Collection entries

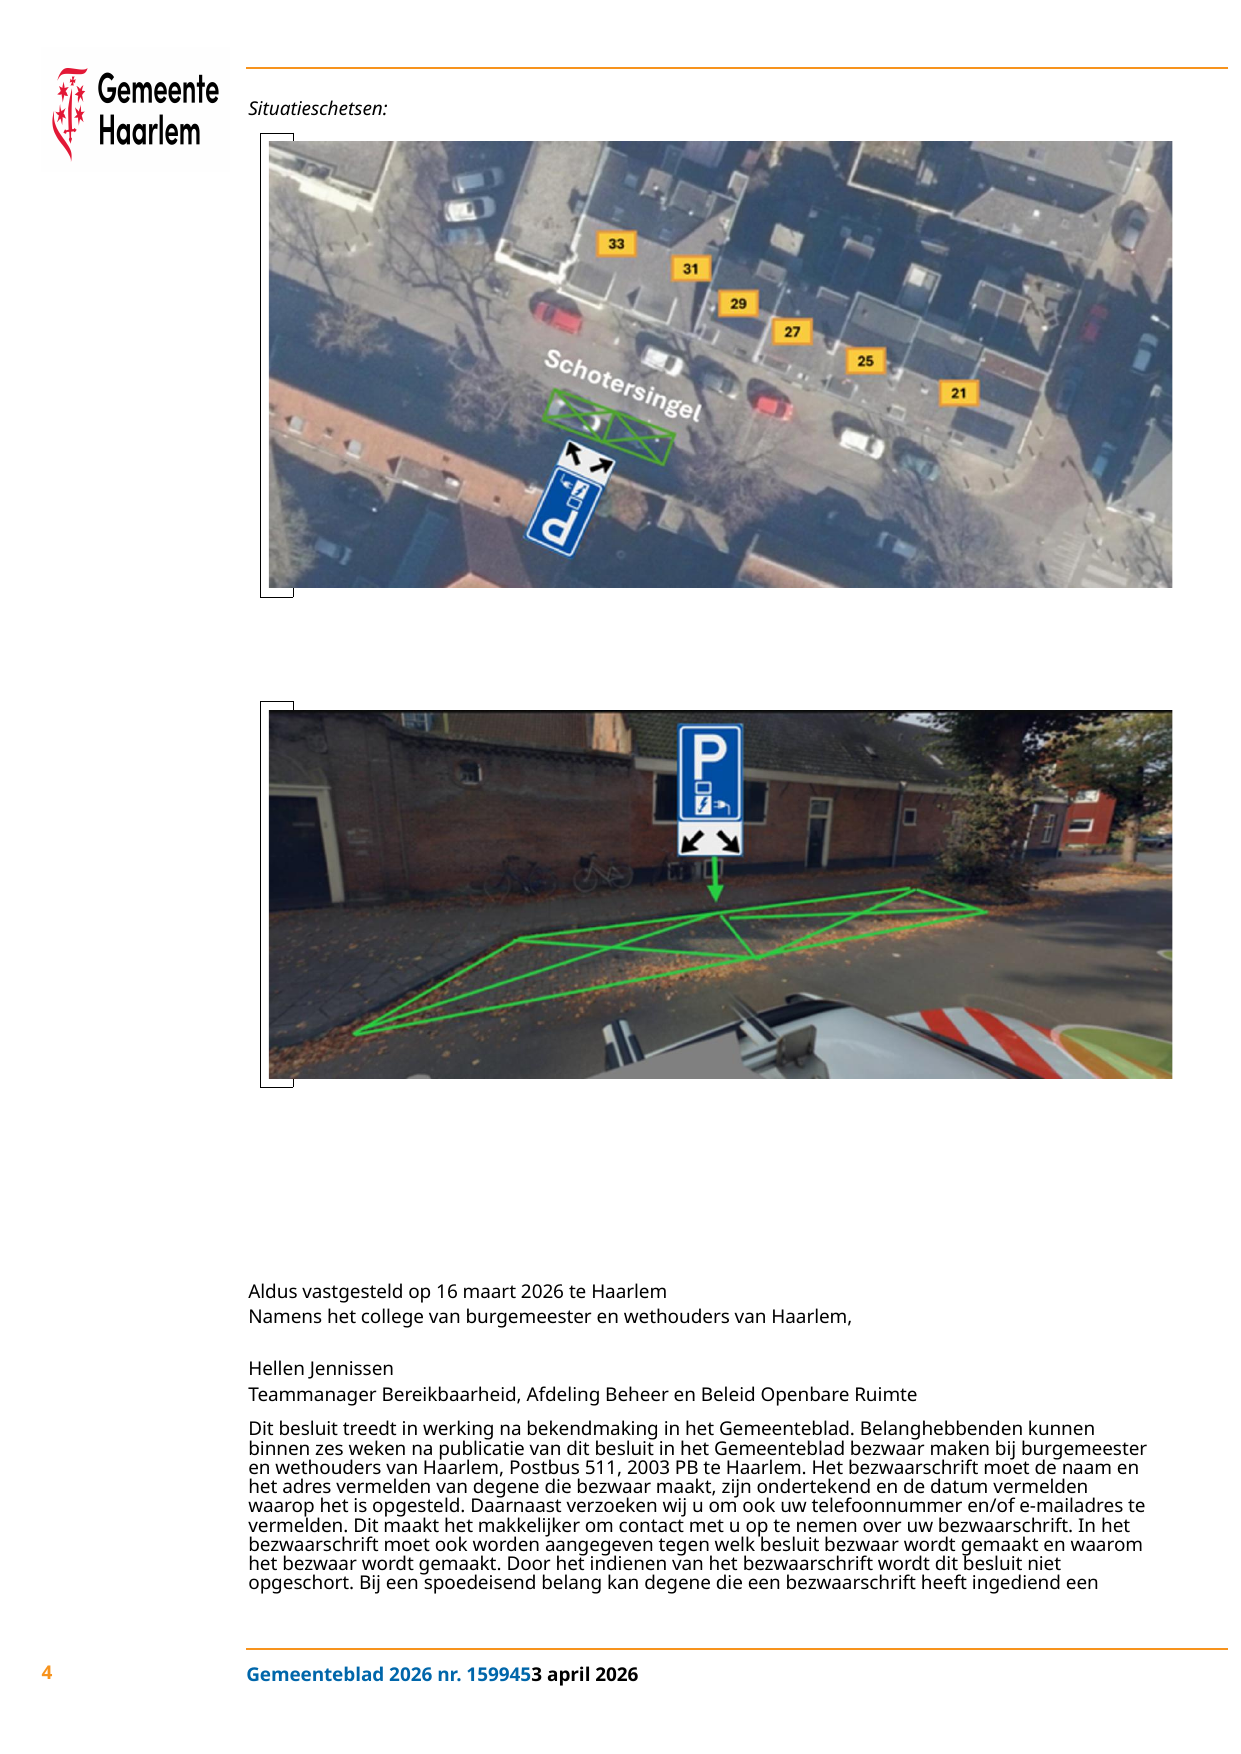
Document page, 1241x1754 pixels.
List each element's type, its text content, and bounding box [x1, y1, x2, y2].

picture [268, 710, 1173, 1079]
picture [41, 47, 231, 172]
text Aldus vastgesteld op 16 maart 2026 te Haarlem [248, 1278, 1152, 1304]
picture [268, 141, 1173, 588]
text Dit besluit treedt in werking na bekendmaking in het Gemeenteblad. Belanghebbenden kunnen binnen zes weken na publicatie van dit besluit in het Gemeenteblad bezwaar maken bij burgemeester en wethouders van Haarlem, Postbus 511, 2003 PB te Haarlem. Het bezwaarschrift moet de naam en het adres vermelden van degene die bezwaar maakt, zijn ondertekend en de datum vermelden waarop het is opgesteld. Daarnaast verzoeken wij u om ook uw telefoonnummer en/of e-mailadres te vermelden. Dit maakt het makkelijker om contact met u op te nemen over uw bezwaarschrift. In het bezwaarschrift moet ook worden aangegeven tegen welk besluit bezwaar wordt gemaakt en waarom het bezwaar wordt gemaakt. Door het indienen van het bezwaarschrift wordt dit besluit niet opgeschort. Bij een spoedeisend belang kan degene die een bezwaarschrift heeft ingediend een [248, 1420, 1152, 1594]
text Hellen Jennissen [248, 1355, 1152, 1381]
text Situatieschetsen: [248, 95, 1152, 121]
text Teammanager Bereikbaarheid, Afdeling Beheer en Beleid Openbare Ruimte [248, 1381, 1152, 1407]
text Namens het college van burgemeester en wethouders van Haarlem, [248, 1304, 1152, 1329]

- _WHAT TO WORK ON_
Look back at the entries above and repeat, unchanged, every line from the line holding "picture [268, 710, 1173, 1079]" through the line holding "picture [268, 141, 1173, 588]".

- _TASK RESULT_
picture [268, 710, 1173, 1079]
picture [41, 47, 231, 172]
text Aldus vastgesteld op 16 maart 2026 te Haarlem [248, 1278, 1152, 1304]
picture [268, 141, 1173, 588]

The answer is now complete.